---------- Task inputs ----------

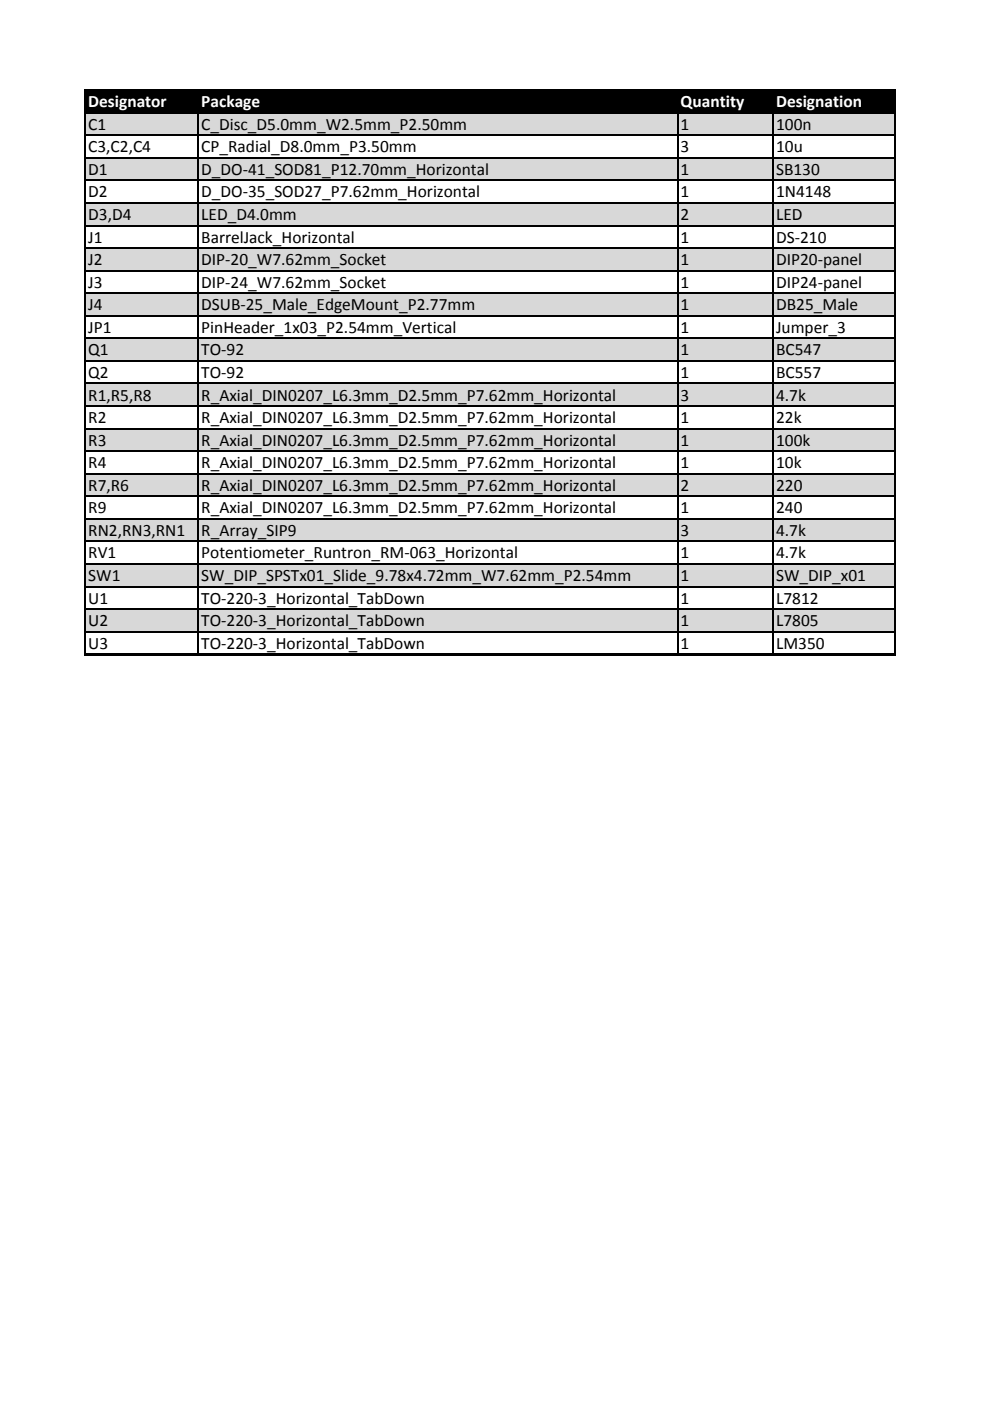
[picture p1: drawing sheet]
<svg xmlns="http://www.w3.org/2000/svg" width="210mm" height="297mm" viewBox="0 0 210 297" stroke-linecap="round" stroke-linejoin="round" font-family="sans-serif">
<defs><g id="words">
<g font-size="3.7" fill="#fff">
<text x="18.7" y="22.7">Designator</text>
<text x="42.7" y="22.7">Package</text>
<text x="144.3" y="22.7">Quantity</text>
<text x="164.5" y="22.7">Designation</text>
</g>
<g font-size="3.7">
<text x="18.7" y="27.5">C1</text>
<text x="42.7" y="27.5">C_Disc_D5.0mm_W2.5mm_P2.50mm</text>
<text x="144.3" y="27.5">1</text>
<text x="164.5" y="27.5">100n</text>
<text x="18.7" y="32.3">C3,C2,C4</text>
<text x="42.7" y="32.3">CP_Radial_D8.0mm_P3.50mm</text>
<text x="144.3" y="32.3">3</text>
<text x="164.5" y="32.3">10u</text>
<text x="18.7" y="37.1">D1</text>
<text x="18.7" y="41.9">D2</text>
<text x="42.7" y="37.1">D_DO-41_SOD81_P12.70mm_Horizontal</text>
<text x="42.7" y="41.9">D_DO-35_SOD27_P7.62mm_Horizontal</text>
<text x="144.3" y="37.1">1</text>
<text x="144.3" y="41.9">1</text>
<text x="164.5" y="37.1">SB130</text>
<text x="164.5" y="41.9">1N4148</text>
<text x="18.7" y="46.7">D3,D4</text>
<text x="42.7" y="46.7">LED_D4.0mm</text>
<text x="144.3" y="46.7">2</text>
<text x="164.5" y="46.7">LED</text>
<text x="18.7" y="51.4">J1</text>
<text x="42.7" y="51.4">BarrelJack_Horizontal</text>
<text x="144.3" y="51.4">1</text>
<text x="164.5" y="51.4">DS-210</text>
<text x="18.7" y="56.2">J2</text>
<text x="42.7" y="56.2">DIP-20_W7.62mm_Socket</text>
<text x="144.3" y="56.2">1</text>
<text x="164.5" y="56.2">DIP20-panel</text>
<text x="18.7" y="61">J3</text>
<text x="18.7" y="65.8">J4</text>
<text x="42.7" y="61">DIP-24_W7.62mm_Socket</text>
<text x="42.7" y="65.8">DSUB-25_Male_EdgeMount_P2.77mm</text>
<text x="144.3" y="61">1</text>
<text x="144.3" y="65.8">1</text>
<text x="164.5" y="61">DIP24-panel</text>
<text x="164.5" y="65.8">DB25_Male</text>
<text x="18.7" y="70.6">JP1</text>
<text x="42.7" y="70.6">PinHeader_1x03_P2.54mm_Vertical</text>
<text x="144.3" y="70.6">1</text>
<text x="164.5" y="70.6">Jumper_3</text>
<text x="18.7" y="75.4">Q1</text>
<text x="42.7" y="75.4">TO-92</text>
<text x="144.3" y="75.4">1</text>
<text x="164.5" y="75.4">BC547</text>
<text x="18.7" y="80.1">Q2</text>
<text x="42.7" y="80.1">TO-92</text>
<text x="144.3" y="80.1">1</text>
<text x="164.5" y="80.1">BC557</text>
<text x="18.7" y="84.9">R1,R5,R8</text>
<text x="18.7" y="89.7">R2</text>
<text x="42.7" y="84.9">R_Axial_DIN0207_L6.3mm_D2.5mm_P7.62mm_Horizontal</text>
<text x="42.7" y="89.7">R_Axial_DIN0207_L6.3mm_D2.5mm_P7.62mm_Horizontal</text>
<text x="144.3" y="84.9">3</text>
<text x="144.3" y="89.7">1</text>
<text x="164.5" y="84.9">4.7k</text>
<text x="164.5" y="89.7">22k</text>
<text x="18.7" y="94.5">R3</text>
<text x="42.7" y="94.5">R_Axial_DIN0207_L6.3mm_D2.5mm_P7.62mm_Horizontal</text>
<text x="144.3" y="94.5">1</text>
<text x="164.5" y="94.5">100k</text>
<text x="18.7" y="99.3">R4</text>
<text x="42.7" y="99.3">R_Axial_DIN0207_L6.3mm_D2.5mm_P7.62mm_Horizontal</text>
<text x="144.3" y="99.3">1</text>
<text x="164.5" y="99.3">10k</text>
<text x="18.7" y="104.1">R7,R6</text>
<text x="42.7" y="104.1">R_Axial_DIN0207_L6.3mm_D2.5mm_P7.62mm_Horizontal</text>
<text x="144.3" y="104.1">2</text>
<text x="164.5" y="104.1">220</text>
<text x="18.7" y="108.8">R9</text>
<text x="18.7" y="113.6">RN2,RN3,RN1</text>
<text x="42.7" y="108.8">R_Axial_DIN0207_L6.3mm_D2.5mm_P7.62mm_Horizontal</text>
<text x="42.7" y="113.6">R_Array_SIP9</text>
<text x="144.3" y="108.8">1</text>
<text x="144.3" y="113.6">3</text>
<text x="164.5" y="108.8">240</text>
<text x="164.5" y="113.6">4.7k</text>
<text x="18.7" y="118.4">RV1</text>
<text x="42.7" y="118.4">Potentiometer_Runtron_RM-063_Horizontal</text>
<text x="144.3" y="118.4">1</text>
<text x="164.5" y="118.4">4.7k</text>
<text x="18.7" y="123.2">SW1</text>
<text x="42.7" y="123.2">SW_DIP_SPSTx01_Slide_9.78x4.72mm_W7.62mm_P2.54mm</text>
<text x="144.3" y="123.2">1</text>
<text x="164.5" y="123.2">SW_DIP_x01</text>
<text x="18.7" y="128">U1</text>
<text x="42.7" y="128">TO-220-3_Horizontal_TabDown</text>
<text x="144.3" y="128">1</text>
<text x="164.5" y="128">L7812</text>
<text x="18.7" y="132.8">U2</text>
<text x="18.7" y="137.5">U3</text>
<text x="42.7" y="132.8">TO-220-3_Horizontal_TabDown</text>
<text x="42.7" y="137.5">TO-220-3_Horizontal_TabDown</text>
<text x="144.3" y="132.8">1</text>
<text x="144.3" y="137.5">1</text>
<text x="164.5" y="132.8">L7805</text>
<text x="164.5" y="137.5">LM350</text>
</g>
</g></defs>
<path d="M18.2 19.3h171.6v4.6h-171.6z" fill="#000"/>
<g fill="#d8d8d8">
<path d="M18.2 23.9h171.6v4.8h-171.6z"/>
<path d="M18.2 33.4h171.6v4.9h-171.6z"/>
<path d="M18.2 43h171.6v4.8h-171.6z"/>
<path d="M18.2 52.6h171.6v4.8h-171.6z"/>
<path d="M18.2 62.1h171.6v4.9h-171.6z"/>
<path d="M18.2 71.7h171.6v4.8h-171.6z"/>
<path d="M18.2 81.3h171.6v4.8h-171.6z"/>
<path d="M18.2 90.8h171.6v4.9h-171.6z"/>
<path d="M18.2 100.4h171.6v4.8h-171.6z"/>
<path d="M18.2 110h171.6v4.8h-171.6z"/>
<path d="M18.2 119.5h171.6v4.9h-171.6z"/>
<path d="M18.2 129.1h171.6v4.8h-171.6z"/>
</g>
<g fill="none" stroke="#000" stroke-width=".3">
<path d="M18.1 19.4v4.2M42.1 19.4v4.2M143.7 19.4v4.2M163.9 19.4v4.2M189.8 19.4v4.2M18.1 24.2v114.2M18.2 28.7h171.7M18.2 33.5h171.7M18.2 38.2h171.7M42.1 24.2v114.2M143.7 24.2v114.2M163.9 24.2v114.2"/>
<path d="M189.8 24.2v114.2M18.2 43h171.7M18.2 47.8h171.7M18.2 52.6h171.7M18.2 57.4h171.7M18.2 62.2h171.7M18.2 67h171.7M18.2 71.7h171.7M18.2 76.5h171.7M18.2 81.3h171.7M18.2 86.1h171.7M18.2 90.9h171.7"/>
<path d="M18.2 95.7h171.7M18.2 100.4h171.7M18.2 105.2h171.7M18.2 110h171.7M18.2 114.8h171.7M18.2 119.6h171.7M18.2 124.4h171.7M18.2 129.1h171.7M18.2 133.9h171.7"/>
</g>
<path d="M17.9 18.8h172v.6h-172zM17.9 23.6h172v.6h-172zM17.9 138.4h172v.6h-172z" fill="#000"/>
<use href="#words"/>
</svg>

----------

Exercise aim: Whenever "font" occurs in a line above, copy that line.

Completed task:
<svg xmlns="http://www.w3.org/2000/svg" width="210mm" height="297mm" viewBox="0 0 210 297" stroke-linecap="round" stroke-linejoin="round" font-family="sans-serif">
<g font-size="3.7" fill="#fff">
<g font-size="3.7">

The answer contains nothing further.